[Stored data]
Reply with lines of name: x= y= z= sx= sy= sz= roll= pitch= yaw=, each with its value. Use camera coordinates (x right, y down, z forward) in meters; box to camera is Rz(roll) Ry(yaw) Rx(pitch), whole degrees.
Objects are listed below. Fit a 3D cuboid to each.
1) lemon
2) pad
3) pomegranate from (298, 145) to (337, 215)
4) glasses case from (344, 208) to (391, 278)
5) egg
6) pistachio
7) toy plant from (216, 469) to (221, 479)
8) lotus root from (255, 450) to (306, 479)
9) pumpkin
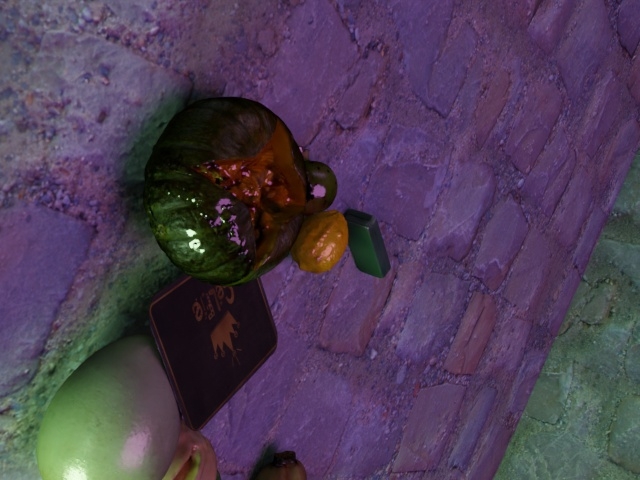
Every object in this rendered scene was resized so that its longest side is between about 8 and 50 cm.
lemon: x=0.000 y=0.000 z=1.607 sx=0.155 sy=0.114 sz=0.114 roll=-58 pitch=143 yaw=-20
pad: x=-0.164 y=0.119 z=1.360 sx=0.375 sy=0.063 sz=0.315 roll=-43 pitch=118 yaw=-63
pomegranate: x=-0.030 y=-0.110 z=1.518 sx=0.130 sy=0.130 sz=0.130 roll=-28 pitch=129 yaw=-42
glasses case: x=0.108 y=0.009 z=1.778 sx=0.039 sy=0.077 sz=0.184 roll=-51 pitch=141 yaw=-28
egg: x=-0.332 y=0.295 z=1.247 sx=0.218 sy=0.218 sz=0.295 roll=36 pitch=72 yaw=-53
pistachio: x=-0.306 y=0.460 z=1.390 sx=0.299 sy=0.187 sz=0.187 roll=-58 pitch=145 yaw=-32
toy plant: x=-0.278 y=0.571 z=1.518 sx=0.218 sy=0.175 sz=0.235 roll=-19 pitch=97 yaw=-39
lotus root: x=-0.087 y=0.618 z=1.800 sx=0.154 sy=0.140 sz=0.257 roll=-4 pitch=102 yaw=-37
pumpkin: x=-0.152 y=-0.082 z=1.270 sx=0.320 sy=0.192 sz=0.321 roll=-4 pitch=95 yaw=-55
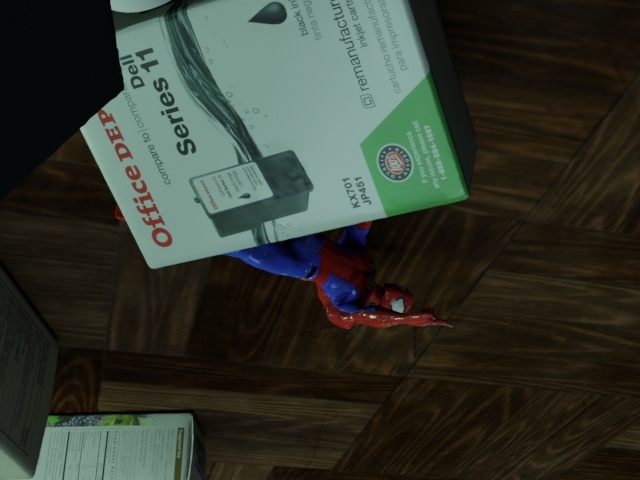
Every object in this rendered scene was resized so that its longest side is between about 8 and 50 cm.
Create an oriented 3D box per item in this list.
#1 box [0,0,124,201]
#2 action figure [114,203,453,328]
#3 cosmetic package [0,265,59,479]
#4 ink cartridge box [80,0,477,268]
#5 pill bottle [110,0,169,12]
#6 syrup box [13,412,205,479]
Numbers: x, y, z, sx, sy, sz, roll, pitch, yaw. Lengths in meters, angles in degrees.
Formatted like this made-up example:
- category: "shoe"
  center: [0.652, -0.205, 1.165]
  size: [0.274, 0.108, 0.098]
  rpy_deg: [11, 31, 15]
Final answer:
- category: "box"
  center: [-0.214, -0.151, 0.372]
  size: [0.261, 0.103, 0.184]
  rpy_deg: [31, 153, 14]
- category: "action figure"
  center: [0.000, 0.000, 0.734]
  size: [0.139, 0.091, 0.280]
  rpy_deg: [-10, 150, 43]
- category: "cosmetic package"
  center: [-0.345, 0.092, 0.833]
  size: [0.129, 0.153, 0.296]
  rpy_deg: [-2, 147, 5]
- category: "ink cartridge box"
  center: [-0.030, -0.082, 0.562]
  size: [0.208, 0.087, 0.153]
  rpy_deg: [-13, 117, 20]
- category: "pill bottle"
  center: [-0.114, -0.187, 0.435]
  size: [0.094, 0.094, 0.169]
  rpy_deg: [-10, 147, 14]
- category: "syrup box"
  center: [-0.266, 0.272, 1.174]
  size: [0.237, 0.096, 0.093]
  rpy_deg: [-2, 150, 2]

_ASSIGNMENT_.
Pictures do not belong in the copy. Reproduce the rest of the data exactly.

_COMPLETED EXERCISE_.
Reply with lines of name: x= y= z= sx= sy= sz= roll= pitch= yaw=, each with its value. Use camera coordinates (x right, y down, z forward) in meters; box to camera is Rz(roll) Ry(yaw) Rx(pitch), whole degrees.
Objects are listed below. Fit a 3D cuboid to each.
1) lemon
2) pad
3) pomegranate from (298, 145) to (337, 215)
4) glasses case from (344, 208) to (391, 278)
5) egg
6) pistachio
7) toy plant from (216, 469) to (221, 479)
8) lotus root from (255, 450) to (306, 479)
9) pumpkin
Every object in this rendered scene was resized so that its longest side is between about 8 and 50 cm.
lemon: x=0.000 y=0.000 z=1.607 sx=0.155 sy=0.114 sz=0.114 roll=-58 pitch=143 yaw=-20
pad: x=-0.164 y=0.119 z=1.360 sx=0.375 sy=0.063 sz=0.315 roll=-43 pitch=118 yaw=-63
pomegranate: x=-0.030 y=-0.110 z=1.518 sx=0.130 sy=0.130 sz=0.130 roll=-28 pitch=129 yaw=-42
glasses case: x=0.108 y=0.009 z=1.778 sx=0.039 sy=0.077 sz=0.184 roll=-51 pitch=141 yaw=-28
egg: x=-0.332 y=0.295 z=1.247 sx=0.218 sy=0.218 sz=0.295 roll=36 pitch=72 yaw=-53
pistachio: x=-0.306 y=0.460 z=1.390 sx=0.299 sy=0.187 sz=0.187 roll=-58 pitch=145 yaw=-32
toy plant: x=-0.278 y=0.571 z=1.518 sx=0.218 sy=0.175 sz=0.235 roll=-19 pitch=97 yaw=-39
lotus root: x=-0.087 y=0.618 z=1.800 sx=0.154 sy=0.140 sz=0.257 roll=-4 pitch=102 yaw=-37
pumpkin: x=-0.152 y=-0.082 z=1.270 sx=0.320 sy=0.192 sz=0.321 roll=-4 pitch=95 yaw=-55
Every object in this rendered scene was resized so that its longest side is between about 8 and 50 cm.
Create an oriented 3D box per item in this list.
#1 box [0,0,124,201]
#2 action figure [114,203,453,328]
#3 cosmetic package [0,265,59,479]
#4 ink cartridge box [80,0,477,268]
#5 pill bottle [110,0,169,12]
#6 syrup box [13,412,205,479]
Numbers: x, y, z, sx, sy, sz, roll, pitch, yaw. Lengths in meters, angles in degrees.
Formatted like this made-up example:
- category: "shoe"
  center: [0.652, -0.205, 1.165]
  size: [0.274, 0.108, 0.098]
  rpy_deg: [11, 31, 15]
Final answer:
- category: "box"
  center: [-0.214, -0.151, 0.372]
  size: [0.261, 0.103, 0.184]
  rpy_deg: [31, 153, 14]
- category: "action figure"
  center: [0.000, 0.000, 0.734]
  size: [0.139, 0.091, 0.280]
  rpy_deg: [-10, 150, 43]
- category: "cosmetic package"
  center: [-0.345, 0.092, 0.833]
  size: [0.129, 0.153, 0.296]
  rpy_deg: [-2, 147, 5]
- category: "ink cartridge box"
  center: [-0.030, -0.082, 0.562]
  size: [0.208, 0.087, 0.153]
  rpy_deg: [-13, 117, 20]
- category: "pill bottle"
  center: [-0.114, -0.187, 0.435]
  size: [0.094, 0.094, 0.169]
  rpy_deg: [-10, 147, 14]
- category: "syrup box"
  center: [-0.266, 0.272, 1.174]
  size: [0.237, 0.096, 0.093]
  rpy_deg: [-2, 150, 2]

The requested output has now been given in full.